The tears and hugs he shared with about a dozen family members and friends huddled around him were of joy.

Eric Scrutchfield took a knee outside the closed West Courtroom doors and wept as he was overcome with emotion.

The tears and hugs he shared with about a dozen family members and friends huddled around him were of joy.

A Franklin County jury on Friday found Scrutchfield not guilty of rape and lewd and lascivious behavior in connection with an alleged sexual assault against a then 4-year-old girl sometime between March and May 2011 at Yvonne Scrutchfield Day Care Home, 607 N. Cedar St., an Ottawa day care business run by his wife.

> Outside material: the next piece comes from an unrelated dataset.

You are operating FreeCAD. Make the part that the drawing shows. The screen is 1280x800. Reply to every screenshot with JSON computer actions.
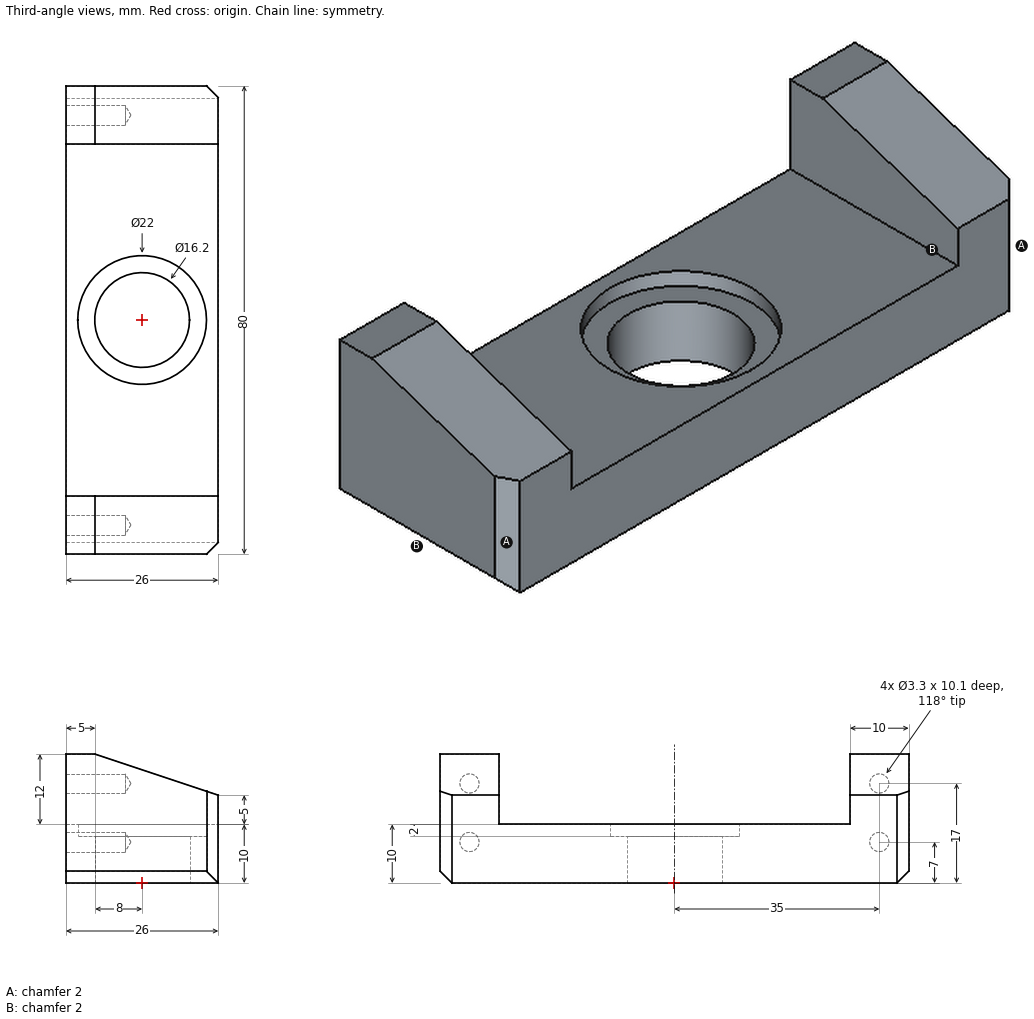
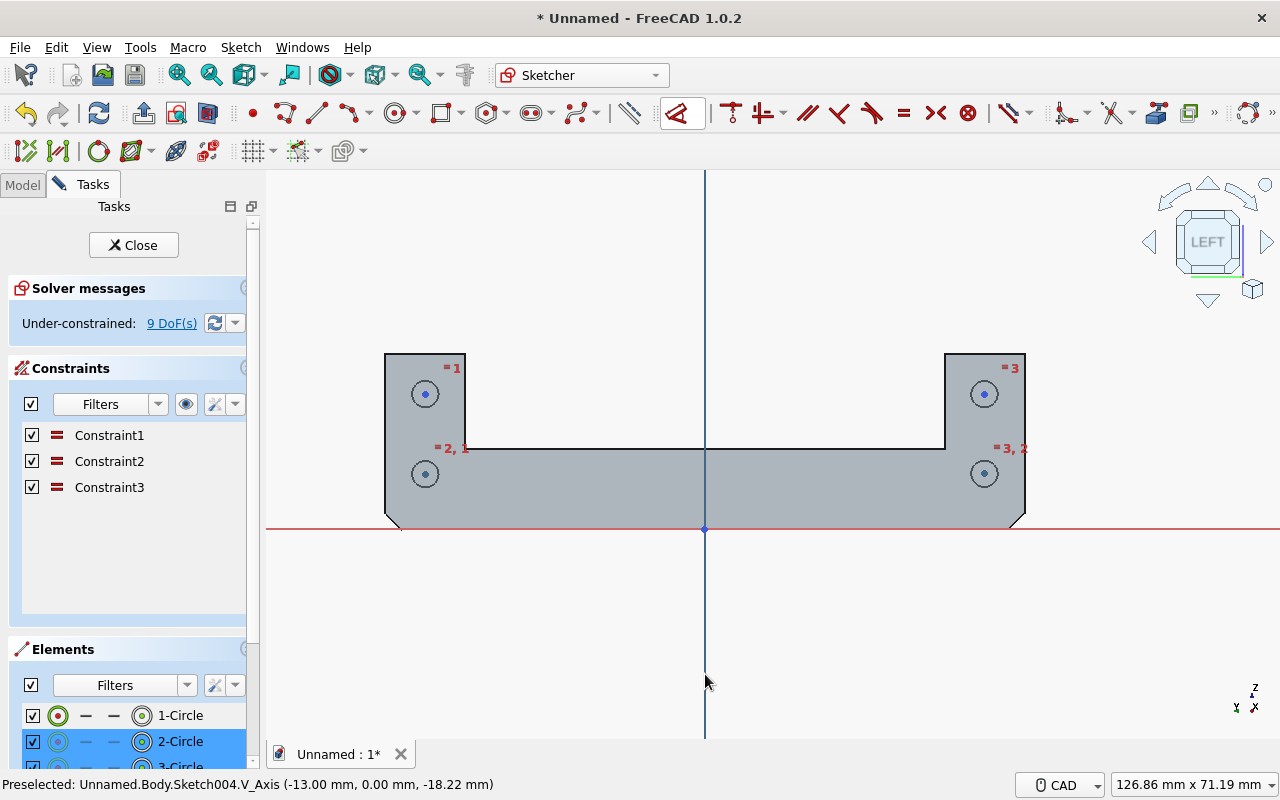
{"action": "key", "text": "s"}

The jury of six men and six women, however, could not reach a verdict on the other two charges in connection with the case — aggravated indecent liberties with a child and aggravated criminal sodomy — after 23 1/2 hours of deliberation. Scrutchfield could be retried on those two counts if prosecutors seek a new trial. But Scrutchfield cannot be retried on the rape and lewd and lascivious behavior charges. District Judge Eric W. Godderz read the verdicts about 4:20 p.m. Friday, ending the eight-day trial in Franklin County District Court.

When the jury informed Judge Godderz it had reached a verdict on two counts but was deadlocked on the other two, the courtroom quickly began to fill with Scrutchfield’s supporters, a few law enforcement officers and several other onlookers.

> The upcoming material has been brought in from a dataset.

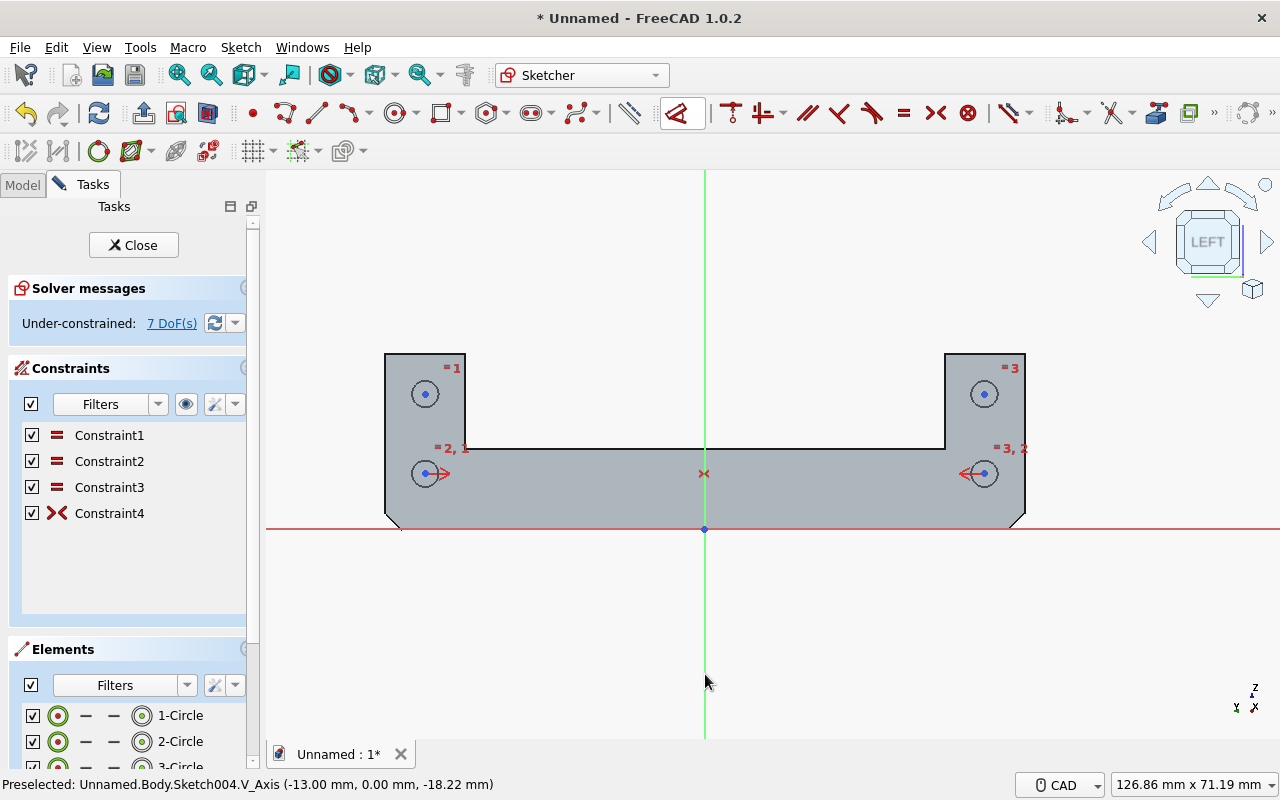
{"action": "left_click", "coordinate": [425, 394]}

Facing life in prison, with no possibility of parole for 25 years, on three of the four charges, Scrutchfield leaned into the gallery behind the defense table and joined hands with one of his young sons and wife who were sitting on the front row. He whispered for his son to remain strong, and the three bowed their heads in tearful prayer.

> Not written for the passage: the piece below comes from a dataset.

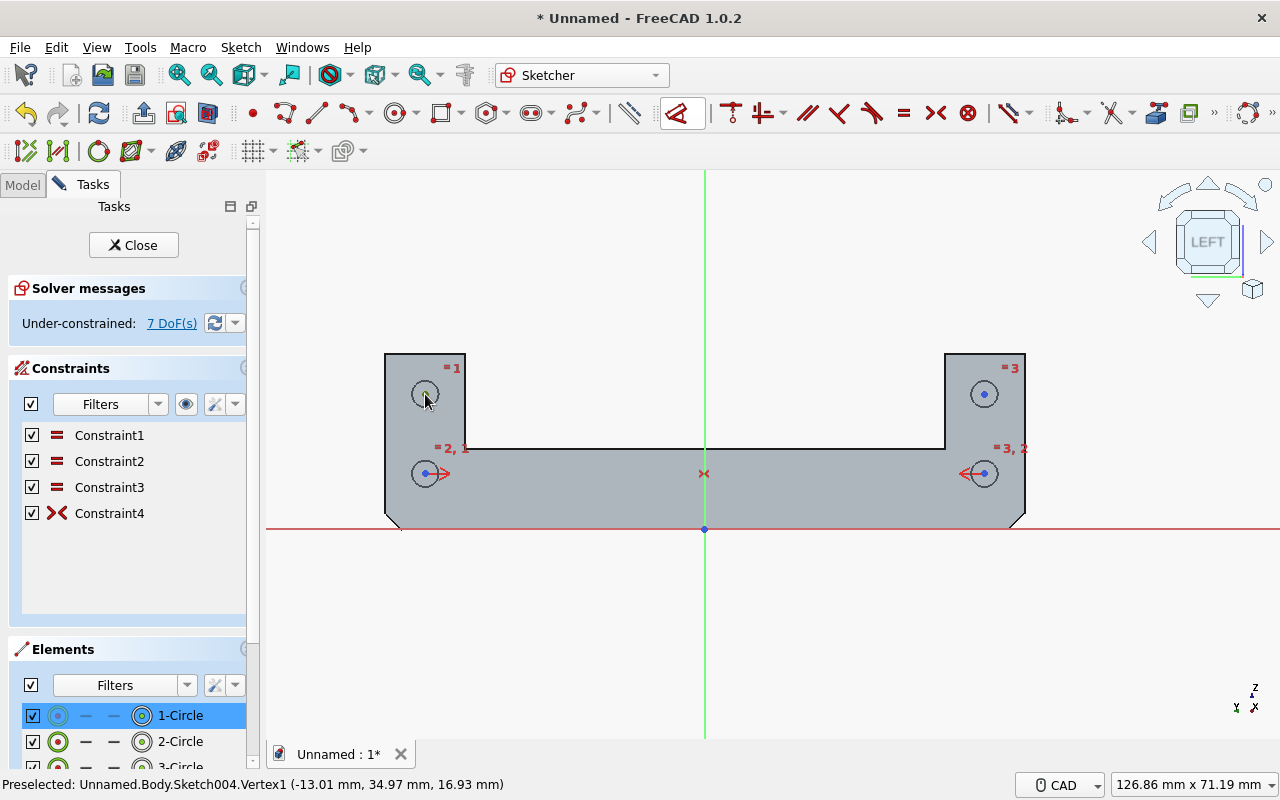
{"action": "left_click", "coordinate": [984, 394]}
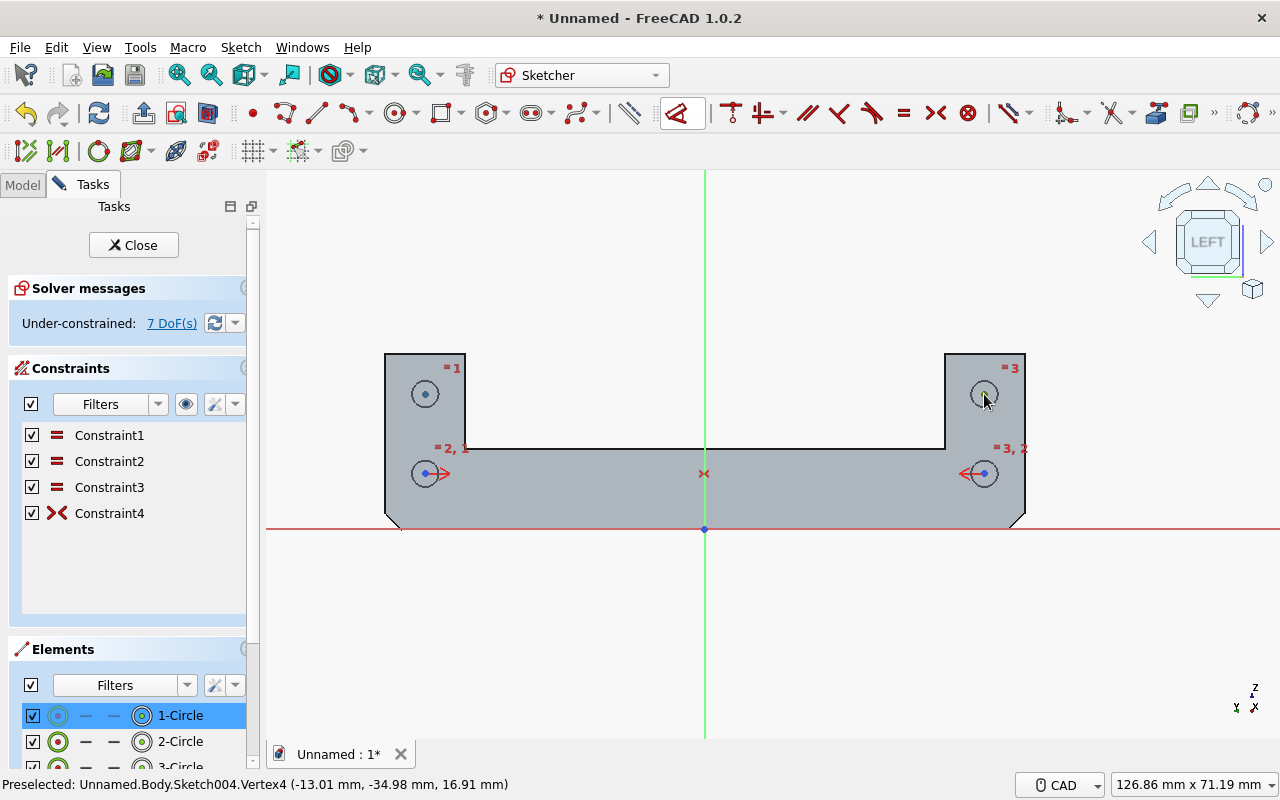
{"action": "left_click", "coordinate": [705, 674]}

Then Scrutchfield, dressed in a gray suit jacket and blue tie, turned and stood with his defense attorney, John A. Boyd, as Godderz asked the deadlocked jurors if they thought they could reach a verdict on the other two charges through more deliberation.

“Not at this time,” the jury foreman said.

Scrutchfield, a former Franklin County computer support specialist, stood stoically in the courtroom where he once had installed the computers as Judge Godderz proceeded to read the verdicts.

“I’m speechless right now,” Yvonne Scrutchfield said after embracing her husband outside the courtroom.

The Douglas County District Attorney’s Office filed the charges against Scrutchfield in June 2011 and was handling the case because of Scrutchfield’s previous employment with Franklin County. Yvonne Scrutchfield’s day care was closed in late May 2011 by the Kansas Department of Health and Environment because of the allegations.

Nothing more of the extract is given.